MAPNA Boiler Engineering & Manufacturing Co. (MBC), founded 1999 as MASBA, renamed in 2005, designs, manufactures and installs boilers including HRSG boilers in a technology transfer association with Doosan (S. Korea). The division also includes SEPAHAN Equipment Manufacturing Co. and MAVADKARAN Co.

Alborz Turbine Power Plant Engineering and Support Co. was founded in 2009 as a service provider.

Power. MAPNA Power Plant Construction and Development Company (MD-1), MAPNA Combined Cycle Power Plant Construction and Development Co. (MD-2), and MAPNA Special Projects Construction and Development Company (MD-3) are involved in the construction of gas turbine power plants, combined cycle power plants (i.e. gas turbine plus HRSG), and power plant for petroleum industries. MAPNA Engineering Co. (MONENCO Iran) is a design and consultancy company for utility projects. MONENCO was created as a joint venture between the Montreal Engineering Company and the Iranian state before the 1979 revolution. The government's share was acquired by MAPNA in 1997, whilst Montreal Engineering's share passed to AGRA and then AMEC with that company's acquisition history. NASBNIROO undertakes construction of electrical transmission infrastructure, fuel storage tanks and other construction work.

Investment
Projects. The investment project division finances Build-Operate-Transfer (BOT), Build-Operate-Own (BOO), buyback and other investment schemes in the
group's general area of business.

Oil and Gas. The oil and gas division was created to extend
the group's activities into petroleum plant construction, related engineering
and consultancy and manufacturing. The subsidiary Neyrperse Co. is engaged in petroleum industry plant infrastructure (storage
tanks, piping) as well as other civil engineering construction projects including
bridges, dams, and road construction. Other subsidiaries include MAPNA Oil & Gas Development Co., MAPNA Drilling Co. and Tehran Energy Consultants.

Rail transportation. Mapna Locomotive Engineering and Manufacturing Company was established in 2006 to manufacture passenger locomotives procured under a technology licensing agreement with Siemens. MAPNA Railway Construction & Development Co. and MAPNA Railway Operation & Maintenance Co. are other subsidiaries of the holding in rail division. MAPNA also runs a joint venture with French Faiveley Transport (part of Wabtec since 2015), manufacturing break systems.

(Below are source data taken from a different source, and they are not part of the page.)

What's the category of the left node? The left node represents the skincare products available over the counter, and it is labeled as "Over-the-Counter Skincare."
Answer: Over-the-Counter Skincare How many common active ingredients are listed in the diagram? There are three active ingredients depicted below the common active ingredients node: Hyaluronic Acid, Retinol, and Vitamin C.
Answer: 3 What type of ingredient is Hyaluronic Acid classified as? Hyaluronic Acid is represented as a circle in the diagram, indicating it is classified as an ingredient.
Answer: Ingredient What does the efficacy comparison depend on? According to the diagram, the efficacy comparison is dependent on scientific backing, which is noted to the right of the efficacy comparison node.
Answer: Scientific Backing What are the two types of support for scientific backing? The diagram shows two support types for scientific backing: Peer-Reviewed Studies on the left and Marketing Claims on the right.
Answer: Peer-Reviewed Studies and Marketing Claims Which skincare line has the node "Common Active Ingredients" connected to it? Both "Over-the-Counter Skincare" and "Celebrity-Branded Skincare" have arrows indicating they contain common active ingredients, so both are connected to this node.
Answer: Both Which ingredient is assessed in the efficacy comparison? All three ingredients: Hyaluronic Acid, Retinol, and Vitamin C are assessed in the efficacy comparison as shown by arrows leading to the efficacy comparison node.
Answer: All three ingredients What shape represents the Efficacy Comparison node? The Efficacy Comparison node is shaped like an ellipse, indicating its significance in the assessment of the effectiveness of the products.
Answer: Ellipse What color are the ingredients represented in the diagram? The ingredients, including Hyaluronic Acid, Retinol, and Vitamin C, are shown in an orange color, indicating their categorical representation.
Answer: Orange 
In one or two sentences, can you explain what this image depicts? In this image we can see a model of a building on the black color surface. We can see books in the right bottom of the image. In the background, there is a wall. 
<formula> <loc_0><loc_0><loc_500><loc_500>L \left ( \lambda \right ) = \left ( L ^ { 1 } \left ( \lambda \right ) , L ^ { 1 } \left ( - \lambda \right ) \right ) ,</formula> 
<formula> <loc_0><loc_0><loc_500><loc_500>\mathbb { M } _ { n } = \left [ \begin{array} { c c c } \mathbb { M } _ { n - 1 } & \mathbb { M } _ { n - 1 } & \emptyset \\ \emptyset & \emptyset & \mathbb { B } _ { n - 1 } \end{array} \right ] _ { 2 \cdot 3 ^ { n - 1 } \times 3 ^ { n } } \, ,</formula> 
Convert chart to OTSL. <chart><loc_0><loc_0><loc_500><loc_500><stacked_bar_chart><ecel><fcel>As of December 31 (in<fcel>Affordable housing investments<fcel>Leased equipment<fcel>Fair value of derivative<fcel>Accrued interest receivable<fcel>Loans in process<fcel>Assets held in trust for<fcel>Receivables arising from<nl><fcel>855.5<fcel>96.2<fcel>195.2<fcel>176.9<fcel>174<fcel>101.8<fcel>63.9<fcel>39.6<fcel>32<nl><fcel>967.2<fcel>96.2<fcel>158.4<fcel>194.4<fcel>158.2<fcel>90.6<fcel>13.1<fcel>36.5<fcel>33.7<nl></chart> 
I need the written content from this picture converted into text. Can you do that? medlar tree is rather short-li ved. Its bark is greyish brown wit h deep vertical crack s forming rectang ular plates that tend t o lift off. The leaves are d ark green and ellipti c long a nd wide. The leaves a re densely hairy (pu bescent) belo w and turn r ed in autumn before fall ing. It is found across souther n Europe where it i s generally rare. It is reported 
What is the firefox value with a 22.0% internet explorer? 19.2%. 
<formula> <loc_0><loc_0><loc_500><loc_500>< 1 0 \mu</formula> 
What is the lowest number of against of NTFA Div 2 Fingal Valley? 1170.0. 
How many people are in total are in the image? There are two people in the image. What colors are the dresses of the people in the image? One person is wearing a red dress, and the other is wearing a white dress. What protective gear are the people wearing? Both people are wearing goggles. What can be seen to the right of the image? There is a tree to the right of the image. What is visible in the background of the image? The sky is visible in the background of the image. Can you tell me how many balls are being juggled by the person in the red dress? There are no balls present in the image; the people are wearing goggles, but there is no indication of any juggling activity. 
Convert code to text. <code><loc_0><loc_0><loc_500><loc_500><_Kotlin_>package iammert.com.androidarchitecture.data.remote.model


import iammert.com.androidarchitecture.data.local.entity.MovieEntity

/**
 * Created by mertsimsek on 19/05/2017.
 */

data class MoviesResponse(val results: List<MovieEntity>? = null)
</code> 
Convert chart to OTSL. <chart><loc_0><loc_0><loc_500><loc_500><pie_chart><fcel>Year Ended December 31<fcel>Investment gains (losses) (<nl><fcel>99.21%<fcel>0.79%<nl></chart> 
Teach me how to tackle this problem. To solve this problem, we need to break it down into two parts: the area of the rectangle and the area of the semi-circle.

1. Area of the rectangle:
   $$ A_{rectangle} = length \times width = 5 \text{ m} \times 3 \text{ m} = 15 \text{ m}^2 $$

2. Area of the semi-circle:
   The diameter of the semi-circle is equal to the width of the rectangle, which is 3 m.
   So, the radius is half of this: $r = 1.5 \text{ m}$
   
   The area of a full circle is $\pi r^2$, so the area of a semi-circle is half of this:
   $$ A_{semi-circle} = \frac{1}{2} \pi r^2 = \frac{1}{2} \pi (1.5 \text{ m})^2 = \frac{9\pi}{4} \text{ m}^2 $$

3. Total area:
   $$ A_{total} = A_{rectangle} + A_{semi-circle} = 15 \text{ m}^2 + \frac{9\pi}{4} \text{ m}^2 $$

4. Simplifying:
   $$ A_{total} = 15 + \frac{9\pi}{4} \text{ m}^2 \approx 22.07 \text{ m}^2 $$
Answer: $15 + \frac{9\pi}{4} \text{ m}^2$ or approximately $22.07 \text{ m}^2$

Electric vehicles. MAPNA Electric Vehicle and Infrastructure Development Center was established in 2017 and is developing electric cars technologies as well as charging devices and charging stations. In 2020, MAPNA and the Oghab Afshan Group jointly established Parsan Electric Bus Manufacturing Company (SHETAB) in order to design and manufacture electric buses. The company unveiled Shetab Zima, the first Iranian 100% electric bus.